I. Evaluate the toxicity of the use of Thalidomide/Biaxin (Clarithromycin)/Dexamethasone as maintenance therapy after autologous/syngeneic transplant.

II. Evaluate the median time to disease progression. III. Evaluate survival.

OUTLINE:

Patients receive thalidomide orally (PO) once daily (QD), dexamethasone PO once weekly, and clarithromycin PO twice daily (BID). Treatment continues for 1 year in the absence of disease progression or unacceptable toxicity.
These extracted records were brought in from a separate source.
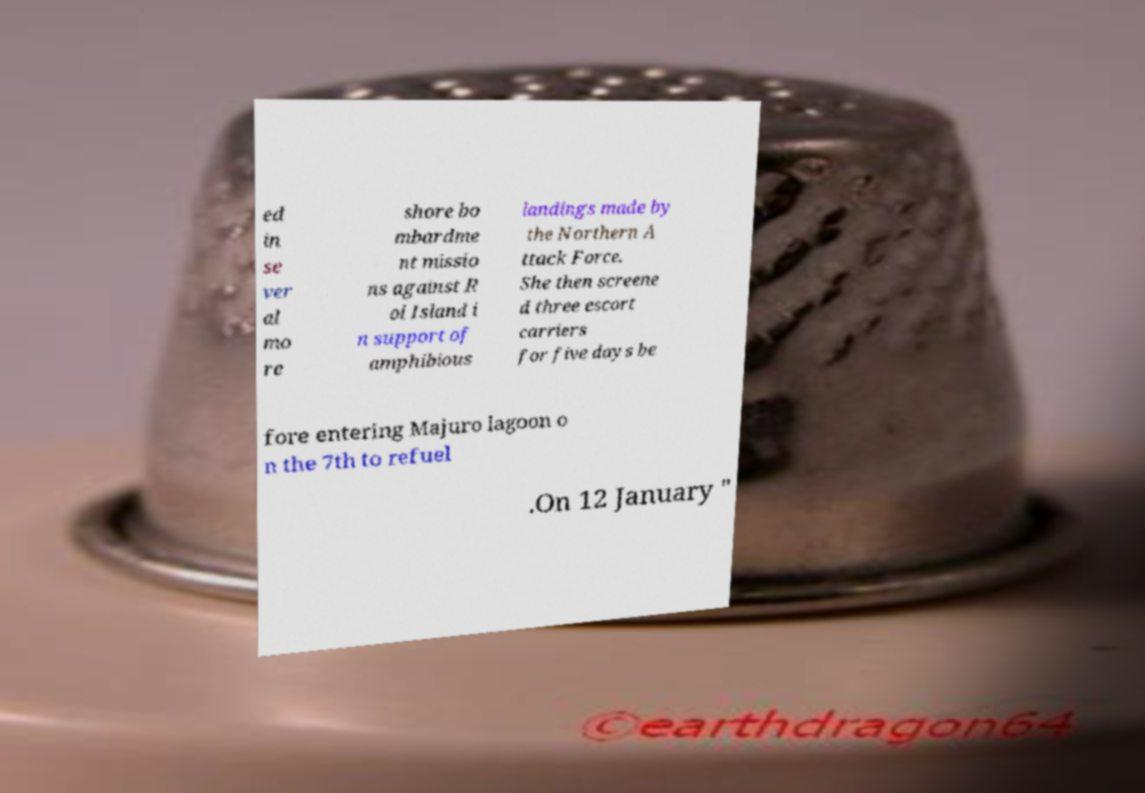Can you accurately transcribe the text from the provided image for me? ed in se ver al mo re shore bo mbardme nt missio ns against R oi Island i n support of amphibious landings made by the Northern A ttack Force. She then screene d three escort carriers for five days be fore entering Majuro lagoon o n the 7th to refuel .On 12 January " 
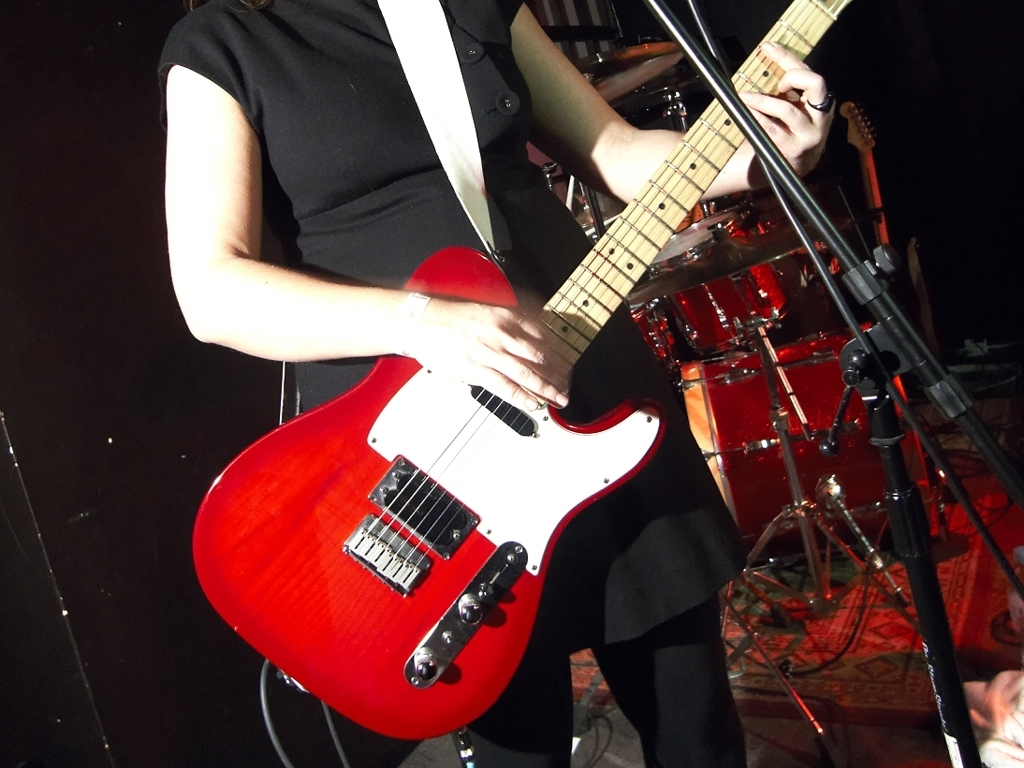Can you describe the setting of the photo? The photo seems to be taken at a live music venue. Indicators include the stage-like area, a microphone stand, and a drum set in the background, suggesting a performance is taking place or about to begin. 
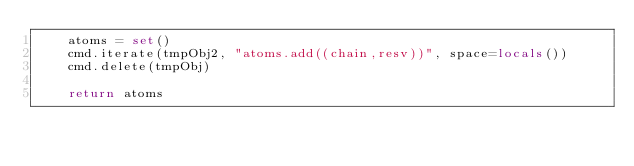<code> <loc_0><loc_0><loc_500><loc_500><_Python_>    atoms = set()
    cmd.iterate(tmpObj2, "atoms.add((chain,resv))", space=locals())
    cmd.delete(tmpObj)

Treatment with thalidomide continues in the absence of disease progression or unacceptable toxicity.

After completion of study treatment, patients are followed up periodically.

Eligibility Criteria

Inclusion Criteria:

• Any autologous or syngeneic patient who underwent high dose melphalan (>= 140 mg/m^2) therapy/peripheral blood stem cell (PBSC) or bone marrow (BM) rescue for any stage of multiple myeloma and did not participate in another clinical transplant trial which is also evaluating disease free survival or survival

• Platelet count (transfusion independent) > 50,000 cells/mm^3 for 5 calendar days after recovery from high dose

• Absolute granulocyte count > 1500 cells/mm^3 for 5 calendar days after recovery from high dose

• Patients will start therapy between 30 days to 120 days after transplant

• Willingness and ability to comply with Food and Drug Administration (FDA)-mandated S.T.E.P.S. (Celgene System for Thalidomide Education and Prescribing Safety) Program

• Signing a written informed consent form

Exclusion Criteria:

• Karnofsky score less than 70

• A left ventricular ejection fraction less than 45%; patients with congestive heart disease, history of myocardial infarction (MI), or coronary artery disease

• Total bilirubin greater than 2 mg/ml (unless history of Gilbert's disease)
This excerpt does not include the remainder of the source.